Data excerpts
★ ★ ★ ★ ★

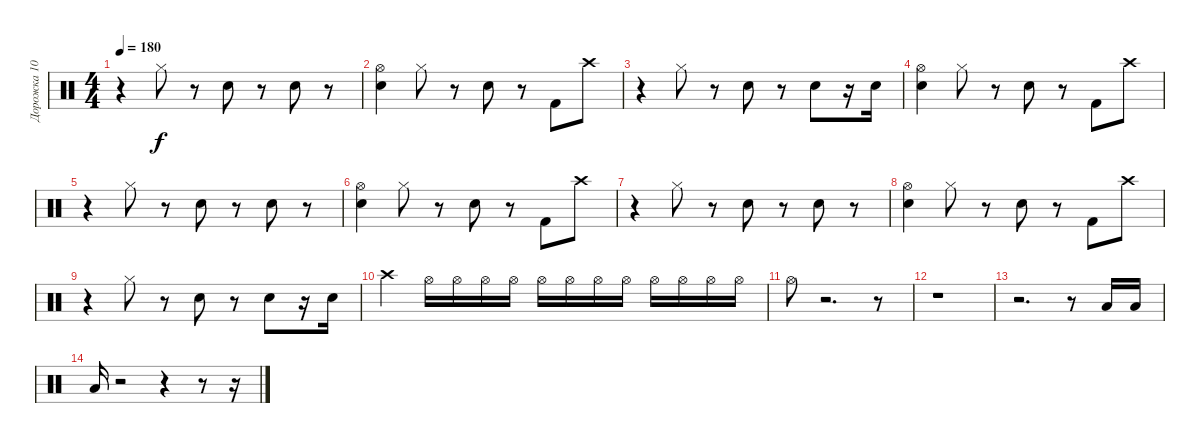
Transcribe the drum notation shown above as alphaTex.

\track ("Дорожка 10" "Дорожка 10") {instrument percussion}
\staff {score}
\articulation defaults
\ts (4 4)
\tempo 180
\clef neutral
\ks c
r.4{dy f} "Hi-Hat (closed)".8 r.8 "Snare (hit) 2".8 r.8 "Snare (hit) 2".8 r.8 |
("Snare (hit) 2" "Hi-Hat (open)").4 "Hi-Hat (closed)".8 r.8 "Snare (hit) 2".8 r.8 "Kick (hit) 2".8 "Crash high (hit)".8 |
r.4 "Hi-Hat (closed)".8 r.8 "Snare (hit) 2".8 r.8 "Snare (hit) 2".8 r.16 "Snare (hit) 2".16 |
("Snare (hit) 2" "Hi-Hat (open)").4 "Hi-Hat (closed)".8 r.8 "Snare (hit) 2".8 r.8 "Kick (hit) 2".8 "Crash high (hit)".8 |
r.4 "Hi-Hat (closed)".8 r.8 "Snare (hit) 2".8 r.8 "Snare (hit) 2".8 r.8 |
("Snare (hit) 2" "Hi-Hat (open)").4 "Hi-Hat (closed)".8 r.8 "Snare (hit) 2".8 r.8 "Kick (hit) 2".8 "Crash high (hit)".8 |
r.4 "Hi-Hat (closed)".8 r.8 "Snare (hit) 2".8 r.8 "Snare (hit) 2".8 r.8 |
("Snare (hit) 2" "Hi-Hat (open)").4 "Hi-Hat (closed)".8 r.8 "Snare (hit) 2".8 r.8 "Kick (hit) 2".8 "Crash high (hit)".8 |
r.4 "Hi-Hat (closed)".8 r.8 "Snare (hit) 2".8 r.8 "Snare (hit) 2".8 r.16 "Snare (hit) 2".16 |
"Crash high (hit)".4 "Hi-Hat (open)".16 "Hi-Hat (open)".16 "Hi-Hat (open)".16 "Hi-Hat (open)".16 "Hi-Hat (open)".16 "Hi-Hat (open)".16 "Hi-Hat (open)".16 "Hi-Hat (open)".16 "Hi-Hat (open)".16 "Hi-Hat (open)".16 "Hi-Hat (open)".16 "Hi-Hat (open)".16 |
"Hi-Hat (open)".8 r.2{d} r.8 |
r.1 |
r.2{d} r.8 "Low Tom (hit)".16 "Low Tom (hit)".16 |
"Low Tom (hit)".16 r.2 r.4 r.8 r.16
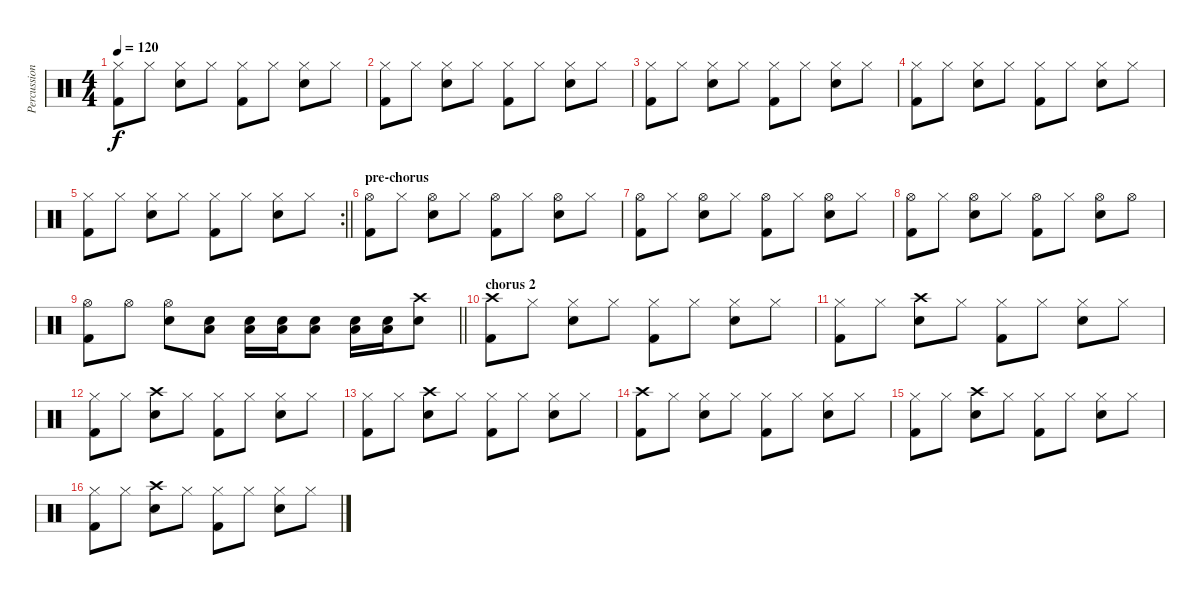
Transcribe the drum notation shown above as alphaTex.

\track ("Percussion" "Percussion") {instrument percussion}
\staff {score}
\articulation defaults
\ts (4 4)
\tempo 120
\clef neutral
\ks c
("Hi-Hat (closed)" "Kick (hit) 2").8{dy f} "Hi-Hat (closed)".8 ("Hi-Hat (closed)" "Snare (hit) 2").8 "Hi-Hat (closed)".8 ("Hi-Hat (closed)" "Kick (hit) 2").8 "Hi-Hat (closed)".8 ("Hi-Hat (closed)" "Snare (hit) 2").8 "Hi-Hat (closed)".8 |
("Hi-Hat (closed)" "Kick (hit) 2").8 "Hi-Hat (closed)".8 ("Hi-Hat (closed)" "Snare (hit) 2").8 "Hi-Hat (closed)".8 ("Hi-Hat (closed)" "Kick (hit) 2").8 "Hi-Hat (closed)".8 ("Hi-Hat (closed)" "Snare (hit) 2").8 "Hi-Hat (closed)".8 |
("Hi-Hat (closed)" "Kick (hit) 2").8 "Hi-Hat (closed)".8 ("Hi-Hat (closed)" "Snare (hit) 2").8 "Hi-Hat (closed)".8 ("Hi-Hat (closed)" "Kick (hit) 2").8 "Hi-Hat (closed)".8 ("Hi-Hat (closed)" "Snare (hit) 2").8 "Hi-Hat (closed)".8 |
("Hi-Hat (closed)" "Kick (hit) 2").8 "Hi-Hat (closed)".8 ("Hi-Hat (closed)" "Snare (hit) 2").8 "Hi-Hat (closed)".8 ("Hi-Hat (closed)" "Kick (hit) 2").8 "Hi-Hat (closed)".8 ("Hi-Hat (closed)" "Snare (hit) 2").8 "Hi-Hat (closed)".8 |
\rc 2
\barLineRight lightlight
("Hi-Hat (closed)" "Kick (hit) 2").8 "Hi-Hat (closed)".8 ("Hi-Hat (closed)" "Snare (hit) 2").8 "Hi-Hat (closed)".8 ("Hi-Hat (closed)" "Kick (hit) 2").8 "Hi-Hat (closed)".8 ("Hi-Hat (closed)" "Snare (hit) 2").8 "Hi-Hat (closed)".8 |
\section ("" "pre-chorus")
("Hi-Hat (open)" "Kick (hit) 2").8 "Hi-Hat (closed)".8 ("Hi-Hat (open)" "Snare (hit) 2").8 "Hi-Hat (closed)".8 ("Hi-Hat (open)" "Kick (hit) 2").8 "Hi-Hat (closed)".8 ("Hi-Hat (open)" "Snare (hit) 2").8 "Hi-Hat (closed)".8 |
("Hi-Hat (open)" "Kick (hit) 2").8 "Hi-Hat (closed)".8 ("Hi-Hat (open)" "Snare (hit) 2").8 "Hi-Hat (closed)".8 ("Hi-Hat (open)" "Kick (hit) 2").8 "Hi-Hat (closed)".8 ("Hi-Hat (open)" "Snare (hit) 2").8 "Hi-Hat (closed)".8 |
("Hi-Hat (open)" "Kick (hit) 2").8 "Hi-Hat (closed)".8 ("Hi-Hat (open)" "Snare (hit) 2").8 "Hi-Hat (closed)".8 ("Hi-Hat (open)" "Kick (hit) 2").8 "Hi-Hat (closed)".8 ("Hi-Hat (open)" "Snare (hit) 2").8 "Hi-Hat (open)".8 |
\barLineRight lightlight
("Hi-Hat (open)" "Kick (hit) 2").8 "Hi-Hat (open)".8 ("Hi-Hat (open)" "Snare (hit) 2").8 ("Low Tom (hit)" "Snare (hit) 2").8 ("Low Tom (hit)" "Snare (hit) 2").16 ("Low Tom (hit)" "Snare (hit) 2").16 ("Low Tom (hit)" "Snare (hit) 2").8 ("Low Tom (hit)" "Snare (hit) 2").16 ("Low Tom (hit)" "Snare (hit) 2").16 ("Crash high (hit)" "Snare (hit) 2").8 |
\section ("" "chorus 2")
("Crash high (hit)" "Kick (hit) 2").8 "Hi-Hat (closed)".8 ("Hi-Hat (closed)" "Snare (hit) 2").8 "Hi-Hat (closed)".8 ("Hi-Hat (closed)" "Kick (hit) 2").8 "Hi-Hat (closed)".8 ("Hi-Hat (closed)" "Snare (hit) 2").8 "Hi-Hat (closed)".8 |
("Hi-Hat (closed)" "Kick (hit) 2").8 "Hi-Hat (closed)".8 ("Crash high (hit)" "Snare (hit) 2").8 "Hi-Hat (closed)".8 ("Hi-Hat (closed)" "Kick (hit) 2").8 "Hi-Hat (closed)".8 ("Hi-Hat (closed)" "Snare (hit) 2").8 "Hi-Hat (closed)".8 |
("Hi-Hat (closed)" "Kick (hit) 2").8 "Hi-Hat (closed)".8 ("Crash high (hit)" "Snare (hit) 2").8 "Hi-Hat (closed)".8 ("Hi-Hat (closed)" "Kick (hit) 2").8 "Hi-Hat (closed)".8 ("Hi-Hat (closed)" "Snare (hit) 2").8 "Hi-Hat (closed)".8 |
("Hi-Hat (closed)" "Kick (hit) 2").8 "Hi-Hat (closed)".8 ("Crash high (hit)" "Snare (hit) 2").8 "Hi-Hat (closed)".8 ("Hi-Hat (closed)" "Kick (hit) 2").8 "Hi-Hat (closed)".8 ("Hi-Hat (closed)" "Snare (hit) 2").8 "Hi-Hat (closed)".8 |
("Crash high (hit)" "Kick (hit) 2").8 "Hi-Hat (closed)".8 ("Hi-Hat (closed)" "Snare (hit) 2").8 "Hi-Hat (closed)".8 ("Hi-Hat (closed)" "Kick (hit) 2").8 "Hi-Hat (closed)".8 ("Hi-Hat (closed)" "Snare (hit) 2").8 "Hi-Hat (closed)".8 |
("Hi-Hat (closed)" "Kick (hit) 2").8 "Hi-Hat (closed)".8 ("Crash high (hit)" "Snare (hit) 2").8 "Hi-Hat (closed)".8 ("Hi-Hat (closed)" "Kick (hit) 2").8 "Hi-Hat (closed)".8 ("Hi-Hat (closed)" "Snare (hit) 2").8 "Hi-Hat (closed)".8 |
("Hi-Hat (closed)" "Kick (hit) 2").8 "Hi-Hat (closed)".8 ("Crash high (hit)" "Snare (hit) 2").8 "Hi-Hat (closed)".8 ("Hi-Hat (closed)" "Kick (hit) 2").8 "Hi-Hat (closed)".8 ("Hi-Hat (closed)" "Snare (hit) 2").8 "Hi-Hat (closed)".8

★ ★ ★ ★ ★

### Exercise prompt:
Only lines containing the string "section" are needed. Pull each of them out of the records above.

### Output for this task:
\section ("" "pre-chorus")
\section ("" "chorus 2")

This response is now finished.